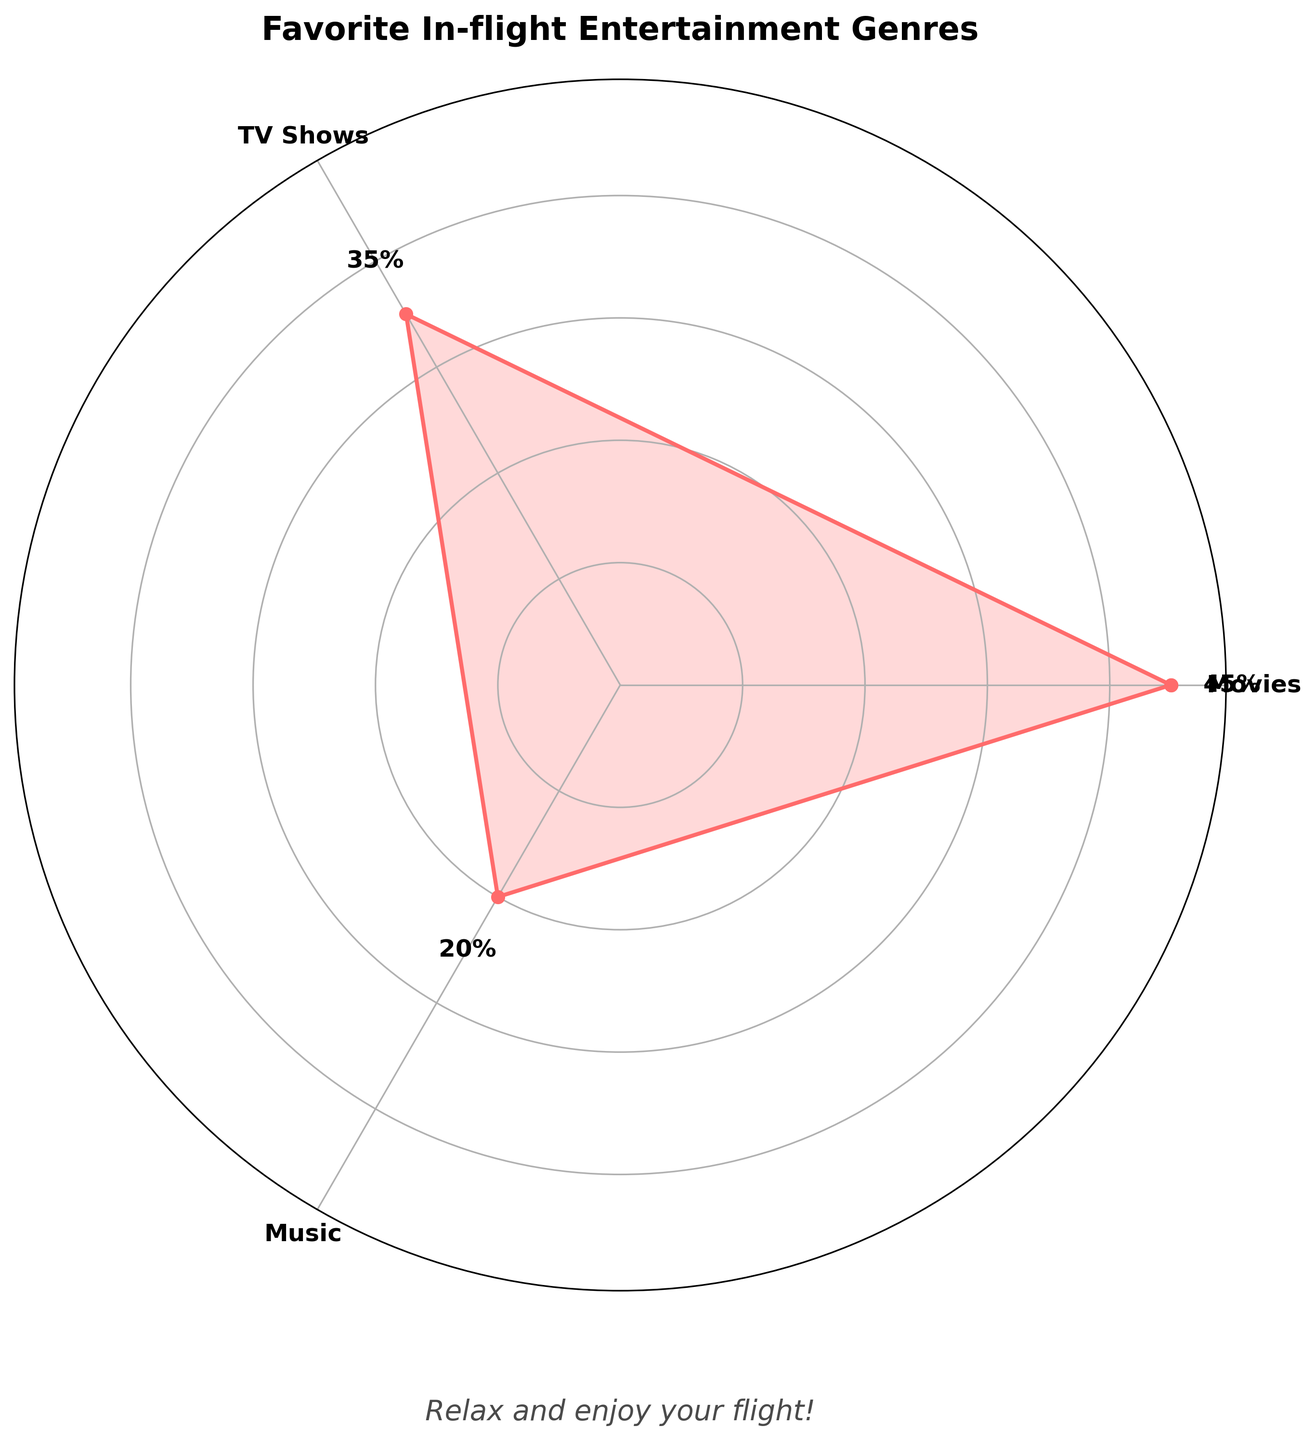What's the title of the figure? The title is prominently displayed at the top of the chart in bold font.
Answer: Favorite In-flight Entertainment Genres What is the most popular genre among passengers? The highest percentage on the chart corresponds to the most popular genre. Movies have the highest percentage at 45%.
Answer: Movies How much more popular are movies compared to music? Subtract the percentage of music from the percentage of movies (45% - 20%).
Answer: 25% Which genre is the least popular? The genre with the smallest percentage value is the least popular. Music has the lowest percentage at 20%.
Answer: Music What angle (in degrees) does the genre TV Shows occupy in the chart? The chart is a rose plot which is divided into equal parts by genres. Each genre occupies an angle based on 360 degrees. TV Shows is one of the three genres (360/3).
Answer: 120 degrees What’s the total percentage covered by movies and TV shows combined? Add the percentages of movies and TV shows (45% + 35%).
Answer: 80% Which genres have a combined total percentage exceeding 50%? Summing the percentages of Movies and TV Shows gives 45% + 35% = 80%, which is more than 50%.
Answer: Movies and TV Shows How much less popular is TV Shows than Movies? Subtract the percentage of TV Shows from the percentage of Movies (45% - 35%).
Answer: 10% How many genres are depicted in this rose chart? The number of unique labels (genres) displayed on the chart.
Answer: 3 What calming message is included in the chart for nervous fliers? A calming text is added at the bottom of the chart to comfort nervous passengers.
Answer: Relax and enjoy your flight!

---

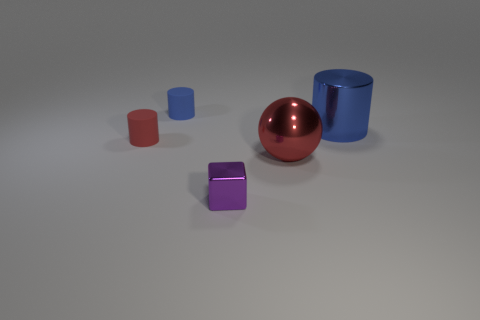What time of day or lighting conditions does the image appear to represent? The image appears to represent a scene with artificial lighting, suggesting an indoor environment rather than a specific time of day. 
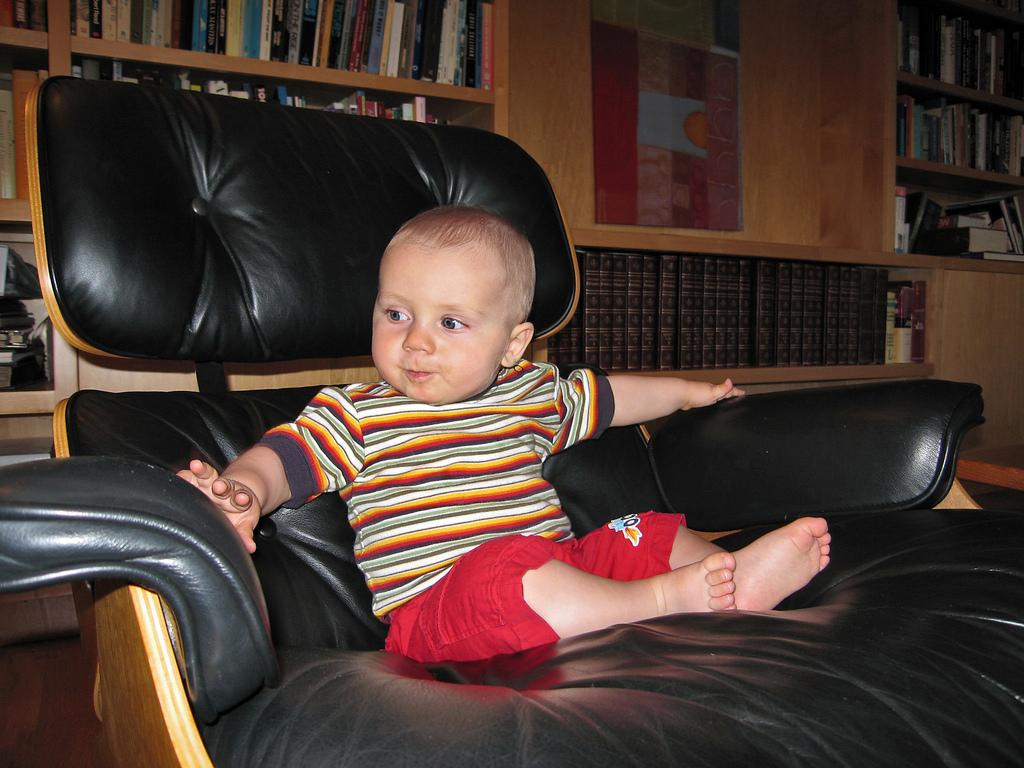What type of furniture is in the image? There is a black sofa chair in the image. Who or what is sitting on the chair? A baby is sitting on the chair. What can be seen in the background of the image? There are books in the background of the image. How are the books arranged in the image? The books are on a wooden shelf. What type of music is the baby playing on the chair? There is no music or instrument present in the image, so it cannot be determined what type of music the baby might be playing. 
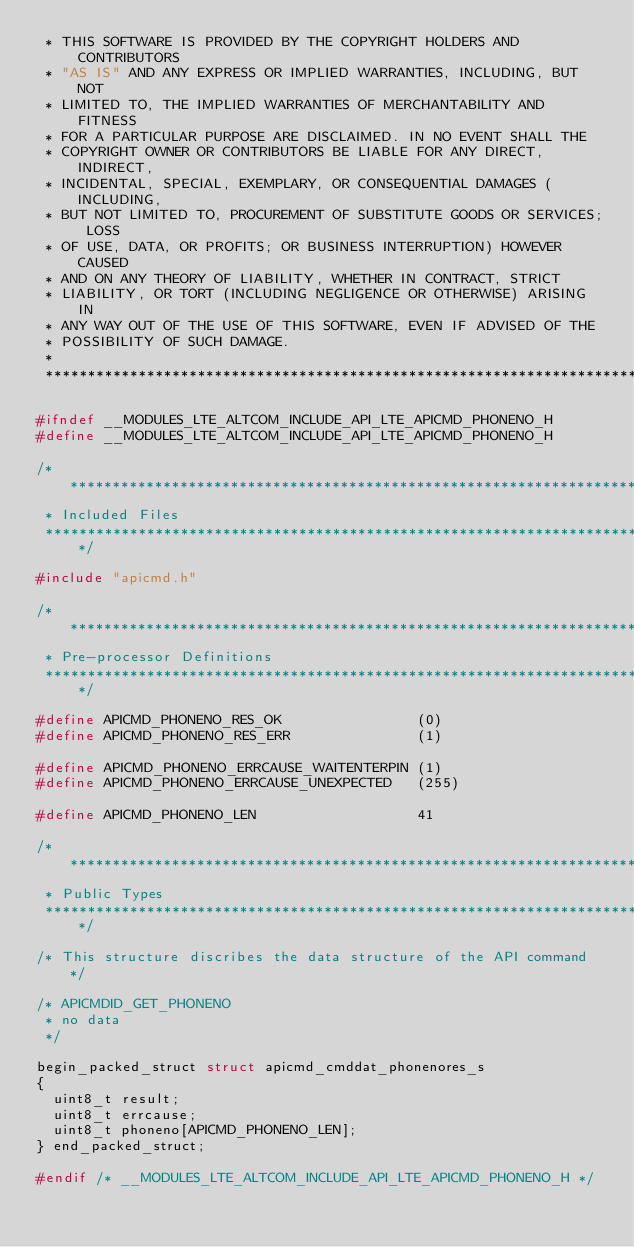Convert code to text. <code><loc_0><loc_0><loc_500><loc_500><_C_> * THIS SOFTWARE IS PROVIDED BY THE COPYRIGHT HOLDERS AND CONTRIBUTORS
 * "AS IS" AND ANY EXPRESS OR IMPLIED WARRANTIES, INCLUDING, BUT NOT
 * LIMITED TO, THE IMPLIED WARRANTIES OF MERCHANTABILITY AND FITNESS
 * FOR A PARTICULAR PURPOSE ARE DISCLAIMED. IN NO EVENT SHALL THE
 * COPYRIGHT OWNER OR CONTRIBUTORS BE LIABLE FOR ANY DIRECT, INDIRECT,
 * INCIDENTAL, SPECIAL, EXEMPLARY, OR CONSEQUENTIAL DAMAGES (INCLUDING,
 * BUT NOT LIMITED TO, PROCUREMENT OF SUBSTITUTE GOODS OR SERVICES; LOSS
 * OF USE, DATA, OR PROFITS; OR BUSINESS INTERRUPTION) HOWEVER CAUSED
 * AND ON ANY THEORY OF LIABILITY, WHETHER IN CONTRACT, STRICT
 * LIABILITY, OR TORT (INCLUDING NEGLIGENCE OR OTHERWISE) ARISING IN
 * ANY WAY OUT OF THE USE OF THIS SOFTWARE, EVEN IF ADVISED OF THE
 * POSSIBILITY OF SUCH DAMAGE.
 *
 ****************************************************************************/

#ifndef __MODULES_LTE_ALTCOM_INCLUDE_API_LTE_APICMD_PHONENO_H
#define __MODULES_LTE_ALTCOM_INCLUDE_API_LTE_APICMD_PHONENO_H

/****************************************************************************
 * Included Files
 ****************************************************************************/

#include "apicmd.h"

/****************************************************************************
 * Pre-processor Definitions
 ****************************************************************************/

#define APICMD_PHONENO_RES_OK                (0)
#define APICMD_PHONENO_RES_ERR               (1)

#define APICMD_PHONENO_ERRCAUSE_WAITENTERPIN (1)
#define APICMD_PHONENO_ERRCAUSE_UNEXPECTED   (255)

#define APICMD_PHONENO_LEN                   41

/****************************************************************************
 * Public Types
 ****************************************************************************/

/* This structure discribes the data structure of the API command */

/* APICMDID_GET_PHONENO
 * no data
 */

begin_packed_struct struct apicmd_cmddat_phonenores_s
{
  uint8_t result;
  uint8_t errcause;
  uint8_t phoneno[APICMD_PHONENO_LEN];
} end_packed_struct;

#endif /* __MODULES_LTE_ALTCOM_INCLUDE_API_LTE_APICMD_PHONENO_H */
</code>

Problem: The result should be every line that contains "combined", copied from the entries.

Answer to the exercise:
Answer: 120 degrees What’s the total percentage covered by movies and TV shows combined? Add the percentages of movies and TV shows (45% + 35%).
Answer: 80% Which genres have a combined total percentage exceeding 50%? Summing the percentages of Movies and TV Shows gives 45% + 35% = 80%, which is more than 50%.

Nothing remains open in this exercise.